Both methods pose monumental engineering challenges. The lasers would have to operate for years continuously at gigawatt strength. Second, they would demand more energy than the Earth currently consumes. Third, Forward's own solution to the electrical problem requires enormous solar panel arrays to be built at or near the planet Mercury. Fourth, a planet-sized mirror or fresnel lens would be needed several dozen astronomical units from the Sun to keep the lasers focused on the sail. Fifth, the giant braking sail would have to act as a precision mirror to focus the braking beam onto the inner "deceleration" sail.
A potentially easier approach would be to use a maser to drive a "solar sail" composed of a mesh of wires with the same spacing as the wavelength of the microwaves, since the manipulation of microwave radiation is somewhat easier than the manipulation of visible light. The hypothetical "Starwisp" interstellar probe design would use a maser to drive it. Masers spread out more rapidly than optical lasers owing to their longer wavelength, and so would not have as long an effective range.
Masers could also be used to power a painted solar sail, a conventional sail coated with a layer of chemicals designed to evaporate when struck by microwave radiation. The momentum generated by this evaporation could significantly increase the thrust generated by solar sails, as a form of lightweight ablative laser propulsion.
To further focus the energy on a distant solar sail, designs have considered the use of a large zone plate. This would be placed at a location between the laser or maser and the spacecraft. The plate could then be propelled outward using the same energy source, thus maintaining its position so as to focus the energy on the solar sail.
Additionally, it has been theorized by da Vinci Project contributor T. Pesando that solar sail-utilizing spacecraft successful in interstellar travel could be used to carry their own zone plates or perhaps even masers to be deployed during flybys at nearby stars. Such an endeavor could allow future solar-sailed craft to effectively utilize focused energy from other stars rather than from the Earth or Sun, thus propelling them more swiftly through space and perhaps even to more distant stars. However, the potential of such a theory remains uncertain if not dubious due to the high-speed precision involved and possible payloads required.

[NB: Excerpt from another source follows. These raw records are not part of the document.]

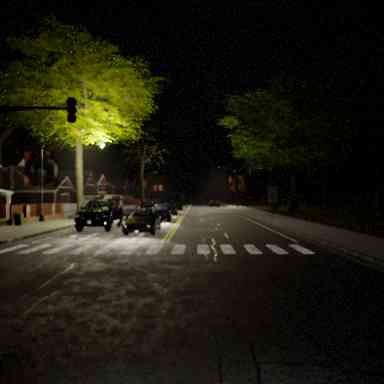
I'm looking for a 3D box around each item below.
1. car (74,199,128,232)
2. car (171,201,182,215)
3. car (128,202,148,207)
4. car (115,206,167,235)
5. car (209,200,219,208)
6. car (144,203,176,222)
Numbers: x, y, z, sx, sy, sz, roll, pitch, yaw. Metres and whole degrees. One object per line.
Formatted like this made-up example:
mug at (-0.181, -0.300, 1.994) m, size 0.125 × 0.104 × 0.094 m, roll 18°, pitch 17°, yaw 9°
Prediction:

Another more physically realistic approach would be to use the light from the home star to accelerate. The ship would first orbit continuously away around the home star until the appropriate starting velocity is reached, then the ship would begin its trip away from the system using the light from the star to keep accelerating. Beyond some distance, the ship would no longer receive enough light to accelerate it significantly, but would maintain its course due to inertia. When nearing the target star, the ship could turn its sails toward it and begin to orbit inward to decelerate. Additional forward and reverse thrust could be achieved with more conventional means of propulsion such as rockets.
FUTURE APPROACHES
Despite the losses of Cosmos 1 and NanoSail-D (which were due to failure of their launchers), scientists and engineers around the world remain encouraged and continue to work on solar sails. While most direct applications created so far intend to use the sails as inexpensive modes of cargo transport, some scientists are investigating the possibility of using solar sails as a means of transporting humans. This goal is strongly related to the management of very large (i.e. well above 1 km²) surfaces in space and the sail making advancements. Thus, in the near/medium term, solar sail propulsion is aimed chiefly at accomplishing a very high number of non-crewed missions in any part of the solar system and beyond.